The DMI on the daily chart shows both sides of the market are in a tight spot to control the pair. Both sides of the market are moving above the ADX line, making it likely that a breakout from this impasse could be violent.
BTC/USD Daily Chart
The BTC/USD pair is currently trading at the price level of $9083 while playing dangerously close to the long-term bearish channel ceiling support. Bitcoin has no room below the current level if you want to avoid the lower bearish scenario, with possible targets in the $4000 area. The presence of the 200-day simple moving average in the $8400 zone would provide support, but we don’t know if it would prevent a possible collapse of the price.
Above the current price, the first resistance level is at $9500, then the second at $10125 and the third one at $10400.
Below the current price, the first support level is at $8950, then the second at $8750 and the third one at $8360.
The DMI on the daily chart shows bears losing strength even though a bullish uptick does not match this. The buying side does not seem willing to take the lead in this pair.
ETH/USD Daily Chart
The ETH/USD pair is currently trading at $222.39 and is back in the lower half of its range. Below the current levels, the target is at the $200 level.
Above the current price, the first resistance level is at $235, then the second at $248 and the third one at $265.
Below the current price, the first support level is at $220, then the second at $200 and the third one at $190.
The MACD on the daily chart continues to cross downward as it reaches the zero level of the indicator. The ETH/USD pair now has a good chance of turning higher again, but if it fails to do so, we can expect a visit to the $200 level or lower.

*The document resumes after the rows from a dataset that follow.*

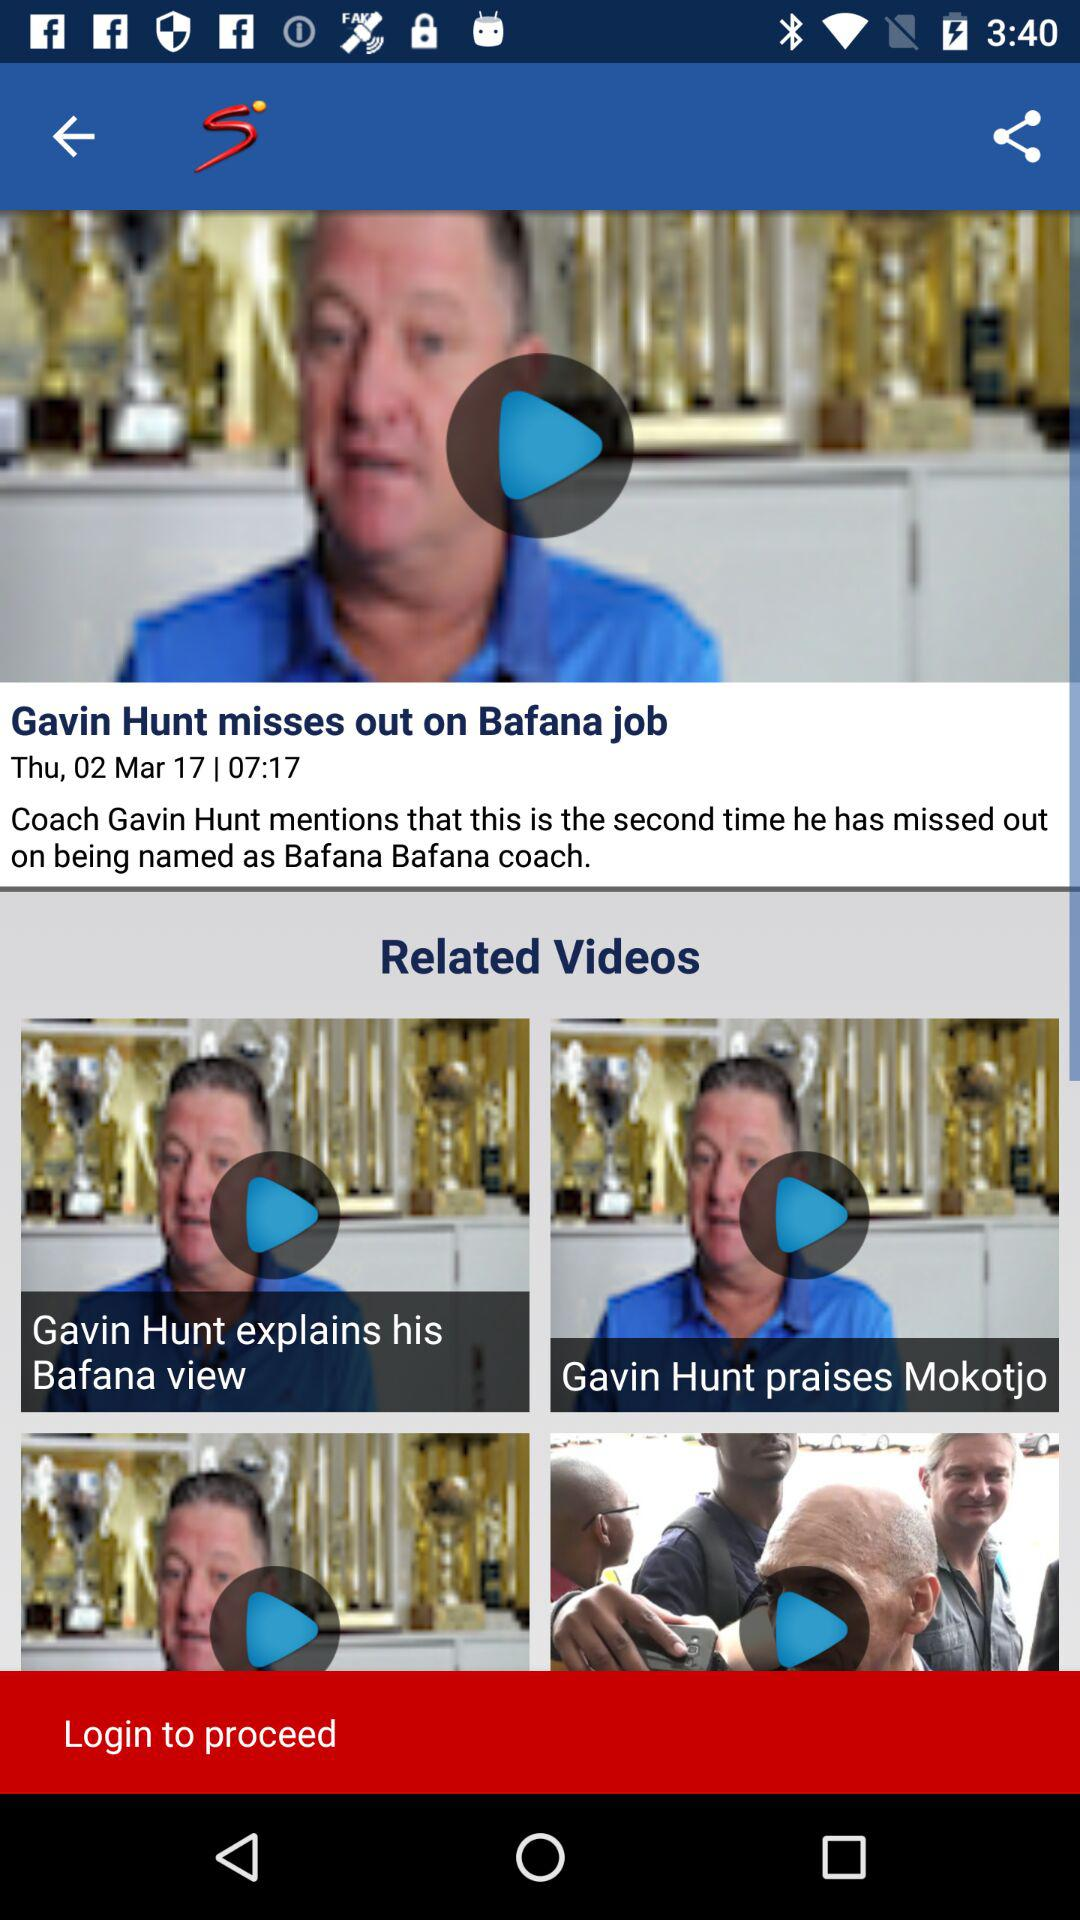At what time was the news posted? The news was posted at 7:17. 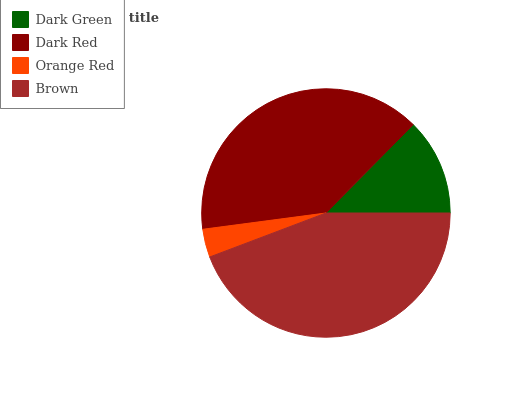Is Orange Red the minimum?
Answer yes or no. Yes. Is Brown the maximum?
Answer yes or no. Yes. Is Dark Red the minimum?
Answer yes or no. No. Is Dark Red the maximum?
Answer yes or no. No. Is Dark Red greater than Dark Green?
Answer yes or no. Yes. Is Dark Green less than Dark Red?
Answer yes or no. Yes. Is Dark Green greater than Dark Red?
Answer yes or no. No. Is Dark Red less than Dark Green?
Answer yes or no. No. Is Dark Red the high median?
Answer yes or no. Yes. Is Dark Green the low median?
Answer yes or no. Yes. Is Dark Green the high median?
Answer yes or no. No. Is Brown the low median?
Answer yes or no. No. 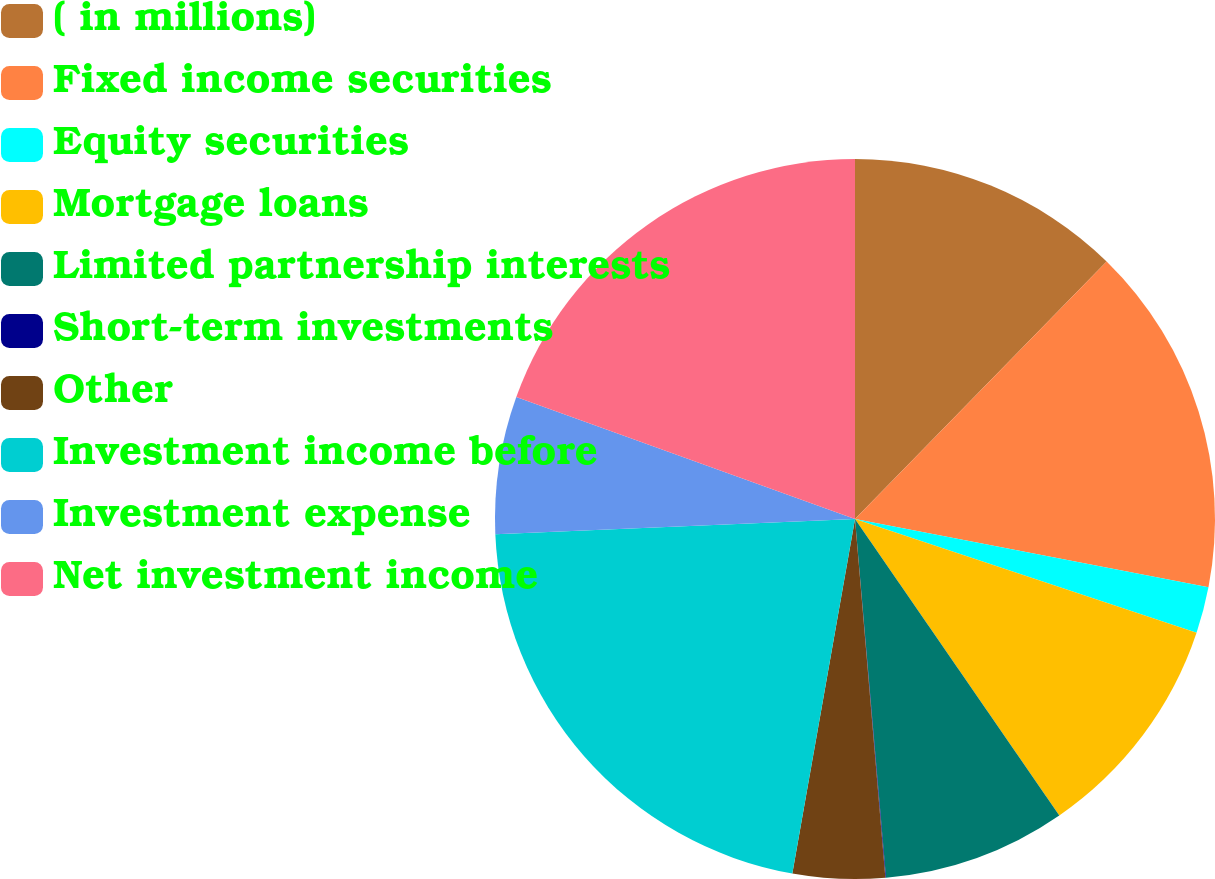<chart> <loc_0><loc_0><loc_500><loc_500><pie_chart><fcel>( in millions)<fcel>Fixed income securities<fcel>Equity securities<fcel>Mortgage loans<fcel>Limited partnership interests<fcel>Short-term investments<fcel>Other<fcel>Investment income before<fcel>Investment expense<fcel>Net investment income<nl><fcel>12.32%<fcel>15.72%<fcel>2.08%<fcel>10.28%<fcel>8.23%<fcel>0.03%<fcel>4.13%<fcel>21.54%<fcel>6.18%<fcel>19.5%<nl></chart> 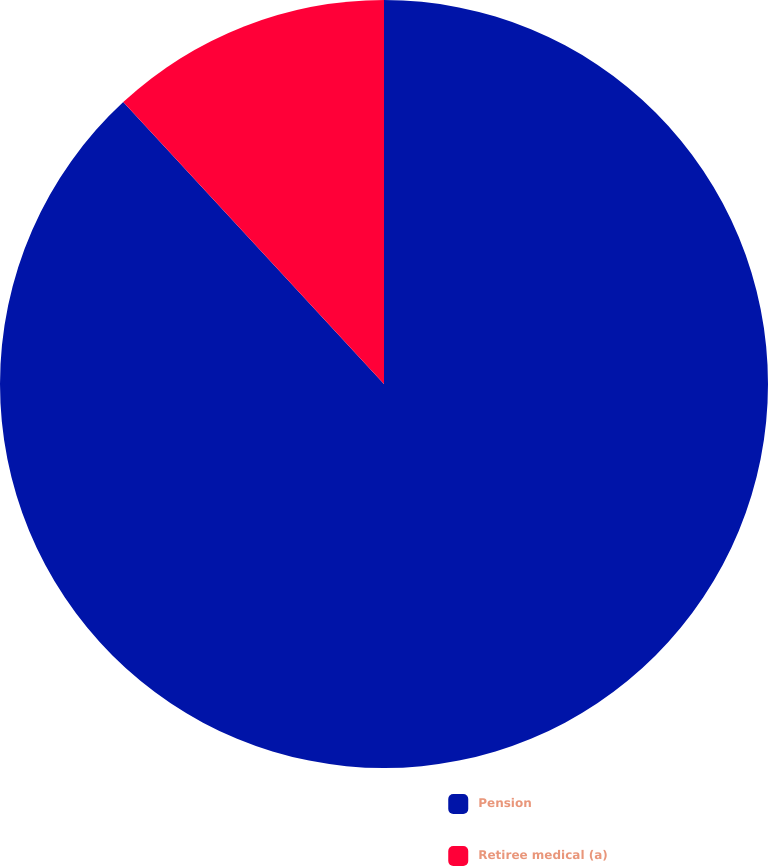<chart> <loc_0><loc_0><loc_500><loc_500><pie_chart><fcel>Pension<fcel>Retiree medical (a)<nl><fcel>88.12%<fcel>11.88%<nl></chart> 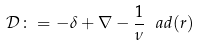Convert formula to latex. <formula><loc_0><loc_0><loc_500><loc_500>\mathcal { D } \colon = - \delta + \nabla - \frac { 1 } { \nu } \ a d ( r )</formula> 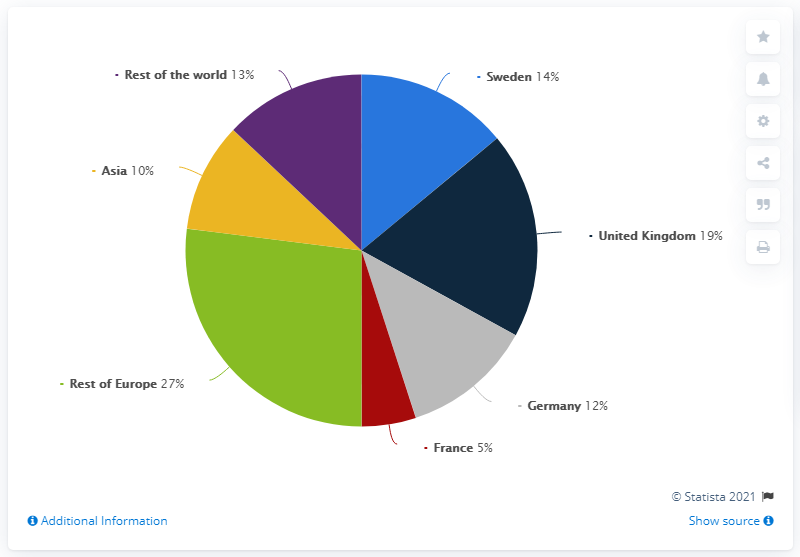Outline some significant characteristics in this image. In 2020, 19% of SCA's net sales were generated from the UK. The United Kingdom contributed the largest share of sales among all countries. The total share contributed by European countries is 77.. In 2020, approximately 19% of SCA's net sales were generated from sales to the UK. 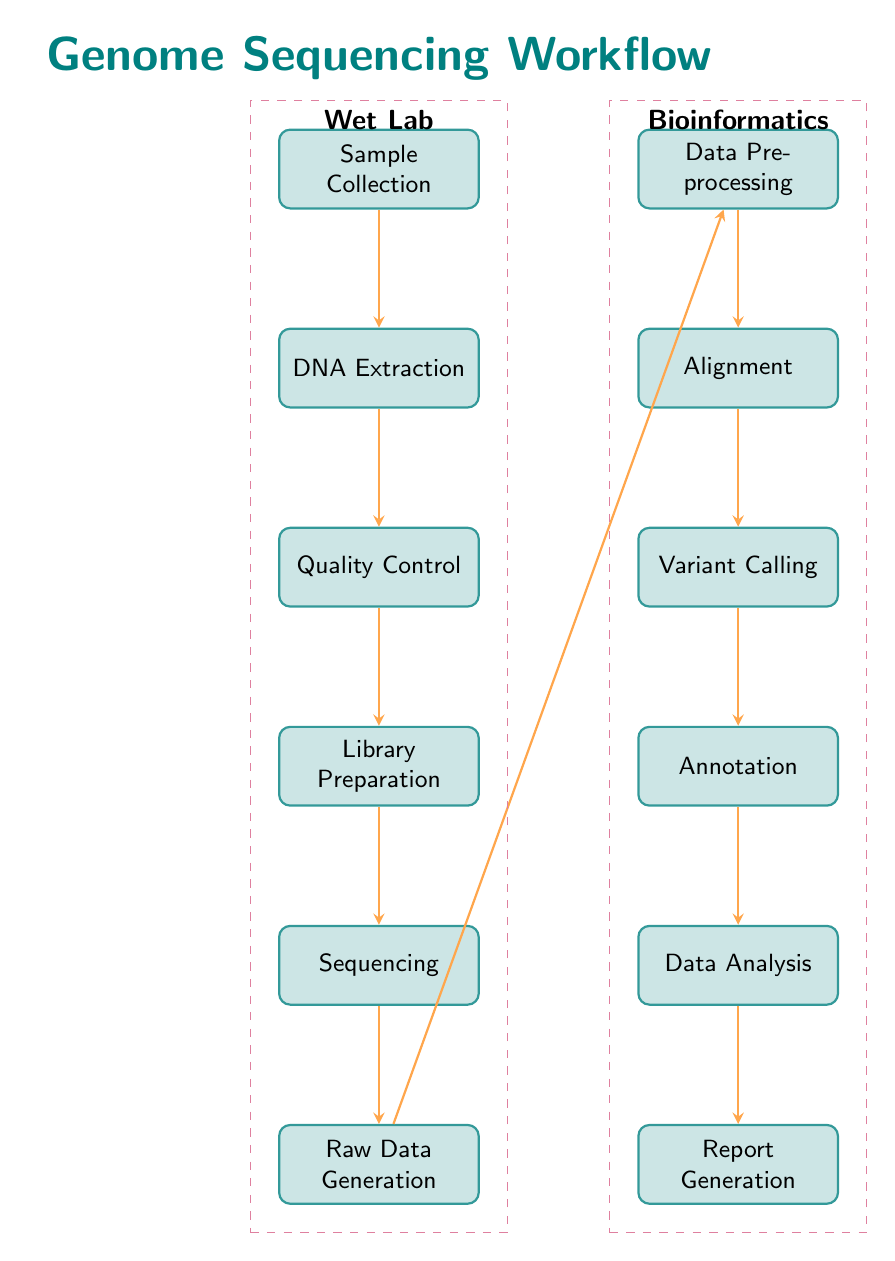What is the starting point of the genome sequencing workflow? The diagram indicates that the starting point of the genome sequencing workflow is "Sample Collection." It is the topmost node in the flowchart, from which the entire process begins.
Answer: Sample Collection How many steps are there in the wet lab process? The wet lab process includes six steps, which are listed as nodes in the diagram: Sample Collection, DNA Extraction, Quality Control, Library Preparation, Sequencing, and Raw Data Generation.
Answer: Six What is the first bioinformatics step following raw data generation? After "Raw Data Generation," the first step in the bioinformatics process is "Data Preprocessing." This follows directly from the node and indicates the next phase of the workflow.
Answer: Data Preprocessing What type of process is "Quality Control"? "Quality Control" is designated as a process within the diagram, which is visually indicated through a rectangular shape. The arrows show it as a necessary step in the sequence of the wet lab workflow.
Answer: Process How many nodes are in the entire diagram? The entire diagram contains twelve nodes. Six nodes are related to the wet lab process and six nodes to the bioinformatics process, totaling twelve.
Answer: Twelve What is the final step in the data analysis phase? The last step in the data analysis phase is "Report Generation." This is the bottom-most node in the bioinformatics sequence, indicating the completion of the workflow.
Answer: Report Generation What aspect of the workflow does the dashed purple box around certain nodes signify? The dashed purple box represents the "Wet Lab" aspect of the workflow, enclosing the first six nodes, which are all related to laboratory procedures involved in genome sequencing.
Answer: Wet Lab Which two nodes are directly connected by the arrow from Library Preparation? The arrow originating from "Library Preparation" connects directly to "Sequencing," indicating the order of steps in the genome sequencing process.
Answer: Sequencing What is the last step after variant calling in the bioinformatics process? Following "Variant Calling," the next step in the bioinformatics process is "Annotation," which is the immediate subsequent node indicating a progression in data analysis.
Answer: Annotation 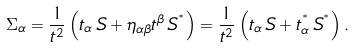<formula> <loc_0><loc_0><loc_500><loc_500>\Sigma _ { \alpha } = { \frac { 1 } { t ^ { 2 } } } \left ( t _ { \alpha } \, S + \eta _ { \alpha \beta } t ^ { \beta } \, S ^ { ^ { * } } \right ) = { \frac { 1 } { t ^ { 2 } } } \left ( t _ { \alpha } \, S + t _ { \alpha } ^ { ^ { * } } \, S ^ { ^ { * } } \right ) .</formula>

The DMI on the daily chart shows the bearish momentum, although the bulls are not a danger given their high level of disinterest in disputing the ETH/USD pair.
XRP/USD Daily Chart
The XRP/USD pair is currently trading at $0.1759 and consolidates the new bearish scenario it entered early last week. The Ripple is technically in a very fragile situation, lacking support and without any expectations of improvement.
Above the current price, the first resistance level is at $0.185, then the second at $0.192 and the third one at $0.202.
Below the current price, the first support level is at $0.164, then the second at $0.14 and the third one at $0.113.
Below the current price, the first support level is at $0.164, then the second at $0.14 and the third at $0.113. The MACD on the daily chart is deepening the bearish zone of the indicator. It is also increasing both the slope and the opening between the lines. The most likely development is bearish.
The DMI on the daily chart shows bears maintaining their upward trend, while bulls remain at low levels and have no apparent intention of changing this scenario.